Tobacco giant Lorillard bought Blu eCigs in April of last year, for a reported $135 million. It was big news in the electronic cigarette industry, as it signaled Big Tobacco’s interest in a niche market it since then seemed to want to destroy in its infancy. Now, Lorillard has announced its profits for last week, and it seemed their new e-cigarette division contributed substantially to the company’s bottom line.
Although the acquisition of Blu eCigs was announced in the Spring of 2012, the Lorillard electronic cigarette segment only came into operation in the last quarter of the year. The recently revealed figures show Blu has contributed $39 million to the tobacco company’s total net sales, registering almost three times the sales of the previous quarter. According to the Daily Markets website, Blu electronic cigarettes contributed $61 million to Lorillard’s total net sales, since its acquisition. Gross profit was $16 million in the fourth quarter of 2012 (41% of net sales), and $21 million, (34.4% of net sales) for the entire year.
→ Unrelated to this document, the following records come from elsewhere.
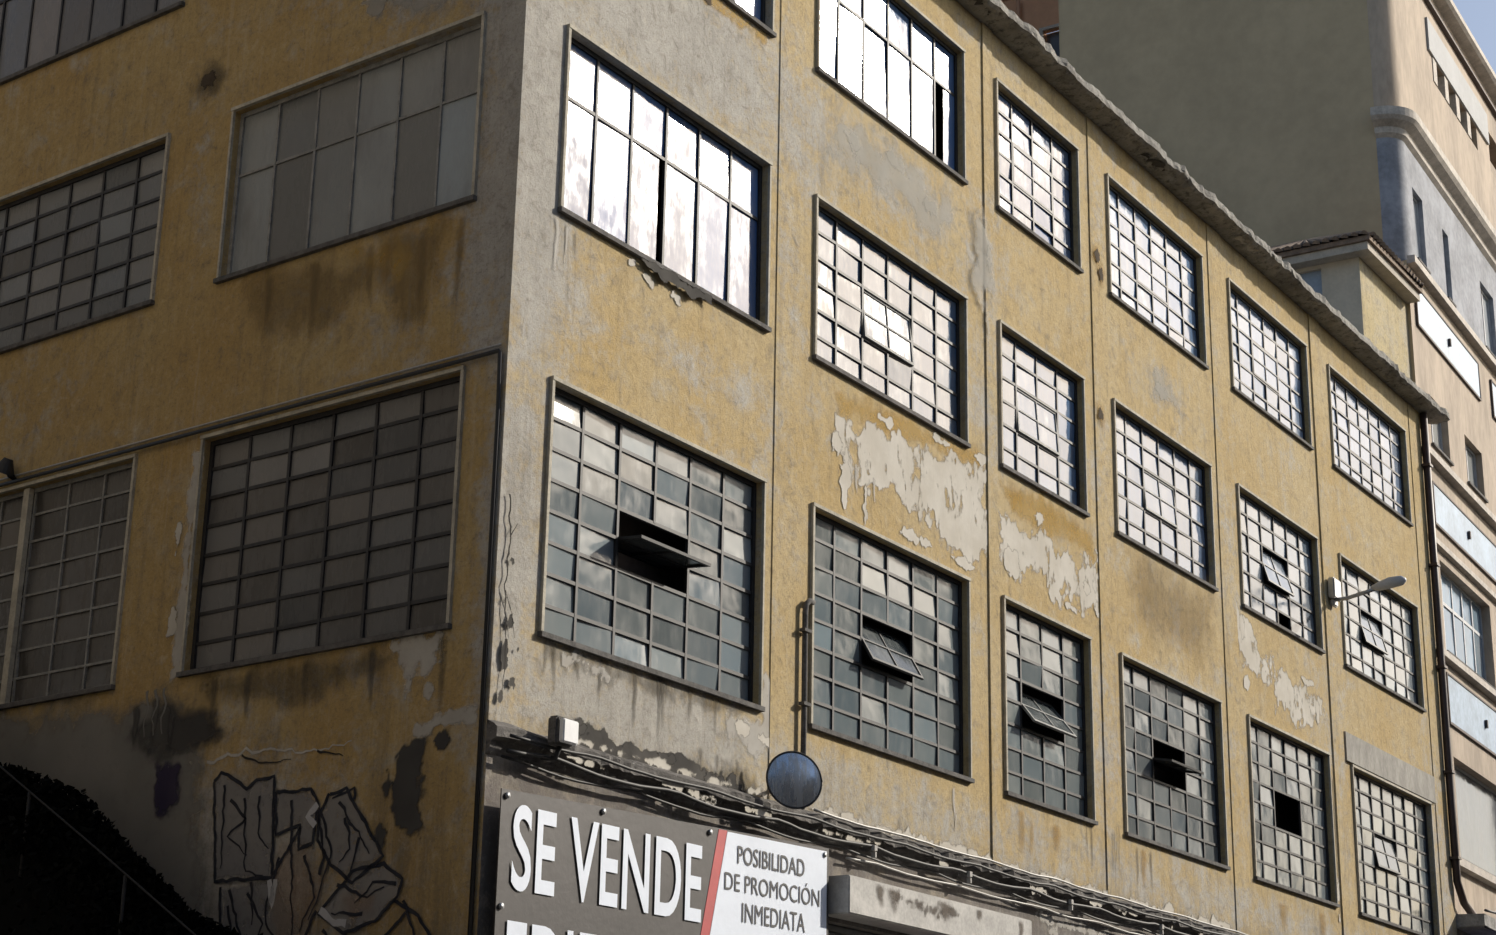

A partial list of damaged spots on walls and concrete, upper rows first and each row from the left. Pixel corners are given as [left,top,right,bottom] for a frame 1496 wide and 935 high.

peeling [832,413,1099,618]
crack [502,494,518,693]
damp [562,649,610,683]
peeling [1236,601,1323,729]
spalling [575,717,745,792]
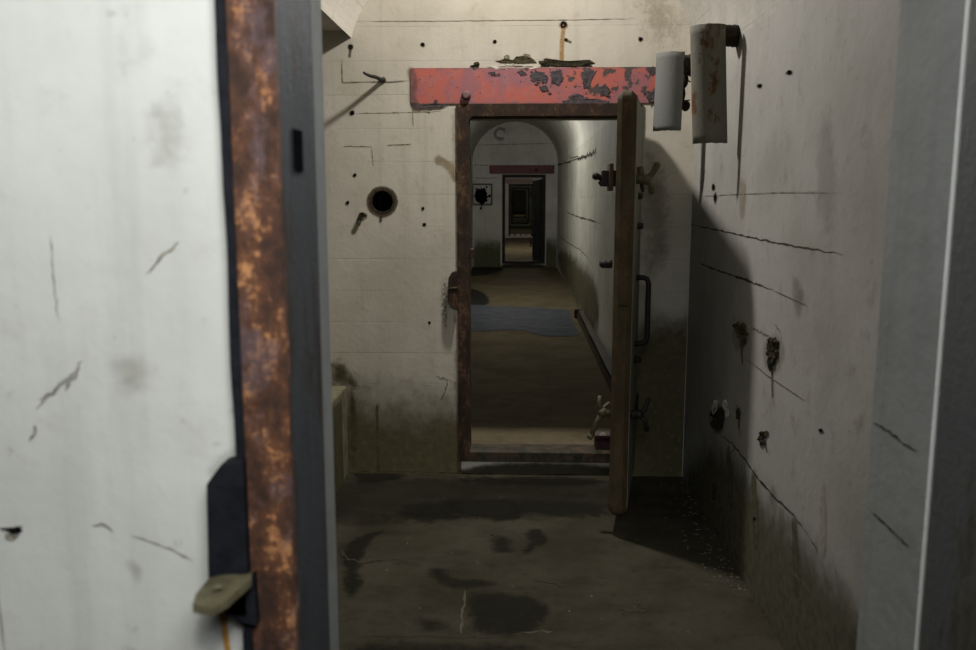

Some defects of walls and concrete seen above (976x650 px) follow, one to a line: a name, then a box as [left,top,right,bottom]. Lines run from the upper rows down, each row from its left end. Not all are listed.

peeling [412,100,448,111]
spalling [471,53,613,103]
crack [702,264,805,305]
spalling [765,337,779,397]
damp [331,364,609,496]
spalling [756,431,769,452]
crack [875,423,917,451]
damp [632,322,858,650]
crack [719,433,817,551]
crack [93,522,193,561]
damp [343,532,379,594]
damp [433,569,547,634]
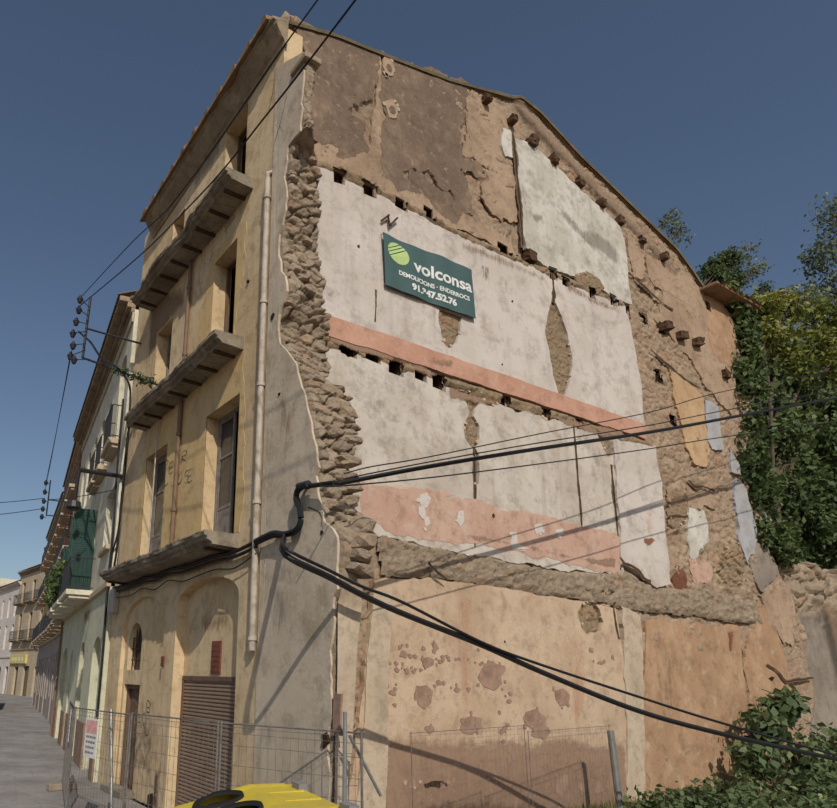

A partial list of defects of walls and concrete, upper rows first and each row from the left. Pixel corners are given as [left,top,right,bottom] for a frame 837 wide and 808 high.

peeling [382,56,395,78]
crack [512,133,527,246]
spalling [545,303,572,395]
peeling [416,493,431,531]
spalling [666,488,687,533]
spalling [715,542,748,587]
spalling [578,600,602,634]
peeling [389,640,512,709]
peeling [552,686,570,709]
peeling [460,711,482,735]
peeling [523,707,551,739]
water stain [386,740,626,808]
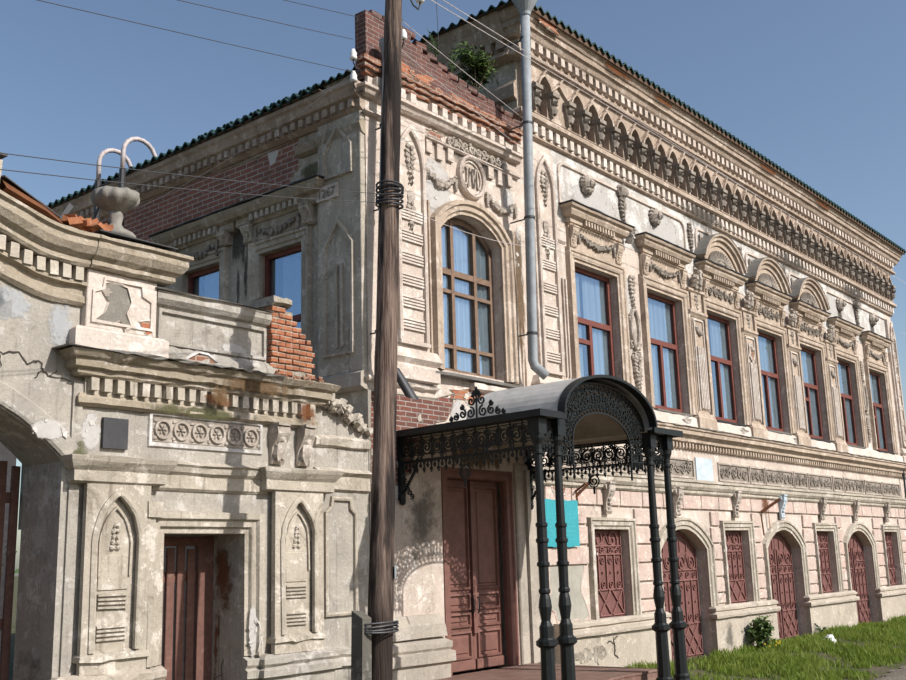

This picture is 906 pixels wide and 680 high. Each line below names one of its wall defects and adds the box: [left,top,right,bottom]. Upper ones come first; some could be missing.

crack [0,351,70,381]
peeling [32,419,68,440]
leakage [413,495,433,539]
corrosion [214,550,232,675]

$39 million may not seem like such a large sum, when compared to the nearly $1.7 billion generated from tobacco cigarette sales, but considering the difference in market size, Blu’s results are nothing short of spectacular. The strong sales of Blu e-cigarettes are a consequence of higher investments in consumer marketing, expanded retail distribution as Lorillard’s sales force placed the brand into more than 50,000 retail outlets, and strong repeat purchases. In fact, analysts suggests Blu now controls around 30% of the American e-cigarette market, which some predict will be worth over $1 billion in 2013.
“Our acquisition of blu eCigs has met or exceeded all of our expectations, having achieved the goal of becoming accretive to earnings in its first year with Lorillard, and establishing a new platform for expansion,” stated David H. Taylor, Executive Vice President, Finance and Planning and Chief Financial Officer or Lorillard. “Continued product innovation, creative marketing and solid sales and distribution execution will enhance consumer appeal and product availability. We are excited about the prospects for this business behind a brand that has strong consumer appeal and the potential for continued rapid growth.”
It’s pretty ironic that an electronic cigarette company is actually adding to the bottom line of a tobacco giant like Lorillard, while other e-cig brand CEOs like that of NJOY make no secret of their ultimate goal – to make analog cigarettes obsolete. And I’m pretty sure this is just the beginning of Big Tobacco’s involvement in the e-cigarette niche, as Reynolds and Altria are either working on products of their own or planning buyouts of established e-cigarette companies. “I think we’re quite bullish about the category in terms of obviously its growth rate, but also what can be achieved in the future,” Reynolds CEO, Daniel Delen, told Businessweek. We believe we have a product that offers a consumer experience that’s closer to the smoking experience than anything out there. … In terms of the impact on the traditional smoking category, the category’s probably a bit too small to have a definitive view on that. But I think I’d be remiss to say that if that category continues to grow in line with expectations in the future, of course it will at that stage have a substitution effect with regular cigarettes.”
So there you have it folks, when a Big Tobacco boss acknowledges the possibility of e-cigarettes one day overtaking analogs, you can bet they’re going to want in on it. On the bright side, the money these companies can invest in the development and marketing of electronic cigarettes may help raise awareness to them and make them harder to ban.